About this task - Your answer should be every line of the entries that has the string "right" in it.

Excerpted records -

◇ ◇ ◇ ◇ ◇

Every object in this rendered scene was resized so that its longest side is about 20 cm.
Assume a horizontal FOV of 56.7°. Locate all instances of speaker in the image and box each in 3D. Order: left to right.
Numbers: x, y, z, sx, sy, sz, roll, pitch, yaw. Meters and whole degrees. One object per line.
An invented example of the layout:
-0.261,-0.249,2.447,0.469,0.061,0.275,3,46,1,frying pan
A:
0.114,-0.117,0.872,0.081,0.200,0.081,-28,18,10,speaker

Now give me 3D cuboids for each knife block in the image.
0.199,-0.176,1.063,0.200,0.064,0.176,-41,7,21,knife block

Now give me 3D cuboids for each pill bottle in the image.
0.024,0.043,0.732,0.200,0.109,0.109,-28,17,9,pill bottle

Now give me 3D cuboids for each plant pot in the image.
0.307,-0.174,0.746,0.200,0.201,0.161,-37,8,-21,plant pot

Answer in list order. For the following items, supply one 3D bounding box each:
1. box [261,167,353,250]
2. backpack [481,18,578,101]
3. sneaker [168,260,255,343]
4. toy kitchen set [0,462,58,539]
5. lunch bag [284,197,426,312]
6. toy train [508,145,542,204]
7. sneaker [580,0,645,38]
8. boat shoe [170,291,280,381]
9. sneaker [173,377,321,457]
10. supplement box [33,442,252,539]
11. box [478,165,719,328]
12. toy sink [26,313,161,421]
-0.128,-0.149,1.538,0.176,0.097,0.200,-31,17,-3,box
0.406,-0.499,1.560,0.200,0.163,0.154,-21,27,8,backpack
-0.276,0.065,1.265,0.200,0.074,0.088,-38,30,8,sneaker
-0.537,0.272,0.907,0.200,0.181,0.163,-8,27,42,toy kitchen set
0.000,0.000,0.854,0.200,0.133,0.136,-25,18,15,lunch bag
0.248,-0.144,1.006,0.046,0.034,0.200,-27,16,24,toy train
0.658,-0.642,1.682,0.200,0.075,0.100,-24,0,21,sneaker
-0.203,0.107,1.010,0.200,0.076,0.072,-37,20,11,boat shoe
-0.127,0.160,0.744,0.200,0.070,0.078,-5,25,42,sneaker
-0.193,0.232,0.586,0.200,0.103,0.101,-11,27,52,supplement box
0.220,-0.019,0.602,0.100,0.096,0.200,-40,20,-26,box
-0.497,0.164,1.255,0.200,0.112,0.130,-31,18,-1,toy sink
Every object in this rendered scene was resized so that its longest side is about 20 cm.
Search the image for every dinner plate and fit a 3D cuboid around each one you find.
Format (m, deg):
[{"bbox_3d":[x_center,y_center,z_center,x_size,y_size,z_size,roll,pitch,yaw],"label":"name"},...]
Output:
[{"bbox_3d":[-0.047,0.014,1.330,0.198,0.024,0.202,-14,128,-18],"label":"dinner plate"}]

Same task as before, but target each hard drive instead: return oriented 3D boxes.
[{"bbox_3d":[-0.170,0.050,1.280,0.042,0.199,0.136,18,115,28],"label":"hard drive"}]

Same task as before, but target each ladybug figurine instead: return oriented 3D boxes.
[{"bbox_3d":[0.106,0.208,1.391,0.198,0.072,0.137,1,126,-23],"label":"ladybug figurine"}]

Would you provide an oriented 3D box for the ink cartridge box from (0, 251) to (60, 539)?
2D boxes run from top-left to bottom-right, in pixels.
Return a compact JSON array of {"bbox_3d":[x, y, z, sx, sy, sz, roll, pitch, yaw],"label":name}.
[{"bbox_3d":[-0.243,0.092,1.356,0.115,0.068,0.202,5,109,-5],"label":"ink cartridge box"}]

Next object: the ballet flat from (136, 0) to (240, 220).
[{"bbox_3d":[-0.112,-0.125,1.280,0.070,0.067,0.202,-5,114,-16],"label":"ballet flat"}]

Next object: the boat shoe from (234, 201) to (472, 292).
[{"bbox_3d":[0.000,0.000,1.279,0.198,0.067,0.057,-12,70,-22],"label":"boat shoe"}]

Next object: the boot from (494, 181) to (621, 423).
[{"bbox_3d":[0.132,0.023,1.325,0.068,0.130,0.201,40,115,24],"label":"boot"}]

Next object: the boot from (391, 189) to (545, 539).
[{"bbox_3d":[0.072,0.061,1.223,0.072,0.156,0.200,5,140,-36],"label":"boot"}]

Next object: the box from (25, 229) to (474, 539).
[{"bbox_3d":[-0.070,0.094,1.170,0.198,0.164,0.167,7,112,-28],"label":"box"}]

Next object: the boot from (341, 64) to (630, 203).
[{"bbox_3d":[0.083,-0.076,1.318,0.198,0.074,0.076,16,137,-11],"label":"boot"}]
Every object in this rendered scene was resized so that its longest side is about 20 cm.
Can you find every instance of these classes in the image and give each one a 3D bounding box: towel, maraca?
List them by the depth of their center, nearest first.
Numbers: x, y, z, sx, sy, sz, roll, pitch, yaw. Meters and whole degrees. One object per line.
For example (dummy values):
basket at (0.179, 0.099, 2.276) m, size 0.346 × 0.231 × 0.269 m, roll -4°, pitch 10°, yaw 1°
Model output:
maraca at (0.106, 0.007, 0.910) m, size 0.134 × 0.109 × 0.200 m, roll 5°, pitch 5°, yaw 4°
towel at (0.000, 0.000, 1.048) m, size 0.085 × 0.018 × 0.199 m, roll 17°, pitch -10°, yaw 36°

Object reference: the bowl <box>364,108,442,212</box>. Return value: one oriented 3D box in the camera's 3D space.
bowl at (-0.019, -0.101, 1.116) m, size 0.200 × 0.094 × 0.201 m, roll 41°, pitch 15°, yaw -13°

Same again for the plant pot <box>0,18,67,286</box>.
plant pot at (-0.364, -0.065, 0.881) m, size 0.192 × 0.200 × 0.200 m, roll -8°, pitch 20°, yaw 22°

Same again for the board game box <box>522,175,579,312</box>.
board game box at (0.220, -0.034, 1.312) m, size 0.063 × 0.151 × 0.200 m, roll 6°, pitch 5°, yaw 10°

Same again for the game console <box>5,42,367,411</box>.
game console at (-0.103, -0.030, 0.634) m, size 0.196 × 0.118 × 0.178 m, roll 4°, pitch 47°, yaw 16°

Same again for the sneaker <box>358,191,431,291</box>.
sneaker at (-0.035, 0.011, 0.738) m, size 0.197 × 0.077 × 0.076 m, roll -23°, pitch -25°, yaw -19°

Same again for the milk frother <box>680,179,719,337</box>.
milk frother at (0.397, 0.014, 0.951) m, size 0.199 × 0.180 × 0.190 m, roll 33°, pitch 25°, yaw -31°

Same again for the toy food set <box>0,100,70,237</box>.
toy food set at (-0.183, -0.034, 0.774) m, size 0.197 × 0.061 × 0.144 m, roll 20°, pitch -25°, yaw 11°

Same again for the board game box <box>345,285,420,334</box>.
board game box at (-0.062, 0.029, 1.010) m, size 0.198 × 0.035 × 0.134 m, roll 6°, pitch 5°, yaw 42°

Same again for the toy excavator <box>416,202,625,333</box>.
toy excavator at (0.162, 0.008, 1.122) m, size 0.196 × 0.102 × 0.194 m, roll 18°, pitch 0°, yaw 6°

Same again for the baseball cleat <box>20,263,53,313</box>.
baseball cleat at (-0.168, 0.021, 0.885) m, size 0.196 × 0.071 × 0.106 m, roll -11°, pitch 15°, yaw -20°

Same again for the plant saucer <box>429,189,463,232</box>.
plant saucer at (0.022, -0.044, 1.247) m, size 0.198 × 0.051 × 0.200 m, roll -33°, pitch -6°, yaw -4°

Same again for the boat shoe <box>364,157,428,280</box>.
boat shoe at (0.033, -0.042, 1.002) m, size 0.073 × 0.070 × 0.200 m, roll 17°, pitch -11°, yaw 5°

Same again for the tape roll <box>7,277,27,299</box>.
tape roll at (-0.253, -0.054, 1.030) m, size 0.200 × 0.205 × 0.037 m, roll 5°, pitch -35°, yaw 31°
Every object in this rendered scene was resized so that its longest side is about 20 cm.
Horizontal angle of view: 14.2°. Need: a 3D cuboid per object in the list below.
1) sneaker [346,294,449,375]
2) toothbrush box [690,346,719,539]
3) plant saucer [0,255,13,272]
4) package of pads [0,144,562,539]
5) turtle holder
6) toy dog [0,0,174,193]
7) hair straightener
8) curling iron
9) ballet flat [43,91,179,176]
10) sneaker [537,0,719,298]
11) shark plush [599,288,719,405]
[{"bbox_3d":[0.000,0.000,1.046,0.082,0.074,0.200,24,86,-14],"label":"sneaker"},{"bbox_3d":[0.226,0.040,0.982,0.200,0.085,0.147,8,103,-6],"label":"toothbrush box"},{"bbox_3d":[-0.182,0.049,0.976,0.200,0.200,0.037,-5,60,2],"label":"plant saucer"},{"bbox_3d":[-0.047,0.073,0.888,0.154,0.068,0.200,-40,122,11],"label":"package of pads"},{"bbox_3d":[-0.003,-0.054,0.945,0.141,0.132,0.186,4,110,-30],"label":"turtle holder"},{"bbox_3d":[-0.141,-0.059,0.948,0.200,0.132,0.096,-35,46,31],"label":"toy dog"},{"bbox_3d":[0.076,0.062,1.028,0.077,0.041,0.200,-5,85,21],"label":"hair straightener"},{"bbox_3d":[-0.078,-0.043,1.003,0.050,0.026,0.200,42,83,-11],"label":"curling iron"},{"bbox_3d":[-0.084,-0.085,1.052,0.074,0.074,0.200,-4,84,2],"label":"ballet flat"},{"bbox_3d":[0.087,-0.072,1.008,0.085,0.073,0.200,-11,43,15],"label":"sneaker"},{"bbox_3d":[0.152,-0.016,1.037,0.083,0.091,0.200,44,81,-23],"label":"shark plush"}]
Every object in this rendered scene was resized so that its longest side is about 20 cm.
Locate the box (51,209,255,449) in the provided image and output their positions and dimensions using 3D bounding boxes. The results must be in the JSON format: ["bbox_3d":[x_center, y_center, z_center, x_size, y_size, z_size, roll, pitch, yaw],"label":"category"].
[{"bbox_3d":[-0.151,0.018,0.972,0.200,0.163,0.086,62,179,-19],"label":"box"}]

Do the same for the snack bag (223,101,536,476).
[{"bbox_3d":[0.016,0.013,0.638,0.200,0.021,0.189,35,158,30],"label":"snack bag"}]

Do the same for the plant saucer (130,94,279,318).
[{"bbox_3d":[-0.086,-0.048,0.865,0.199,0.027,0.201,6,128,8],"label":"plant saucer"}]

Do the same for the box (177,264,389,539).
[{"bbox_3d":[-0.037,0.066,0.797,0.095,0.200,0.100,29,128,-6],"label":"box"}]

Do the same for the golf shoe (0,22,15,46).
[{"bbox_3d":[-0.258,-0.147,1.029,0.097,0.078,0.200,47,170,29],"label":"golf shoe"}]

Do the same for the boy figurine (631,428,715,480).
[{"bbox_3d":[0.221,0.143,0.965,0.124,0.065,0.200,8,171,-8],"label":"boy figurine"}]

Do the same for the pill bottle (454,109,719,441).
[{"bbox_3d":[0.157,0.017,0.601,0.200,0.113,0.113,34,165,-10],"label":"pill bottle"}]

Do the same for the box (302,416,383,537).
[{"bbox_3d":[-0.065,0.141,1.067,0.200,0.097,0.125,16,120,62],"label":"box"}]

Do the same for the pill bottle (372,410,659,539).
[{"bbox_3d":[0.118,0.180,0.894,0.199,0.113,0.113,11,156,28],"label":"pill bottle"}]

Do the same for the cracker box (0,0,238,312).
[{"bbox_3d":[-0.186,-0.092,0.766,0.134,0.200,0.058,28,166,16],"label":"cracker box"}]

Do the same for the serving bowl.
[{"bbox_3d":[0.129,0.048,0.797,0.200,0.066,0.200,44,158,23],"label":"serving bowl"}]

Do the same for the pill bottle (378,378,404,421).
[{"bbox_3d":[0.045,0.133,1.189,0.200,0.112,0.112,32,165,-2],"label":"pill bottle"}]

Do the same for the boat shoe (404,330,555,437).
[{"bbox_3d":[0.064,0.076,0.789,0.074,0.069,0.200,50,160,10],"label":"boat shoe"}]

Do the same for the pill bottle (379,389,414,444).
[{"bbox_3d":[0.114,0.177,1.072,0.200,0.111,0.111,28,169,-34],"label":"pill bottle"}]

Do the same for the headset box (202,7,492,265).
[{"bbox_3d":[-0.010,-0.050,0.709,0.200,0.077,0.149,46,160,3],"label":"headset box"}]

◇ ◇ ◇ ◇ ◇

Reply -
Assume a horizontal FOV of 56.7°. Locate all instances of speaker in the image and box each in 3D. Order: left to right.
2D boxes run from top-left to bottom-right, in pixels.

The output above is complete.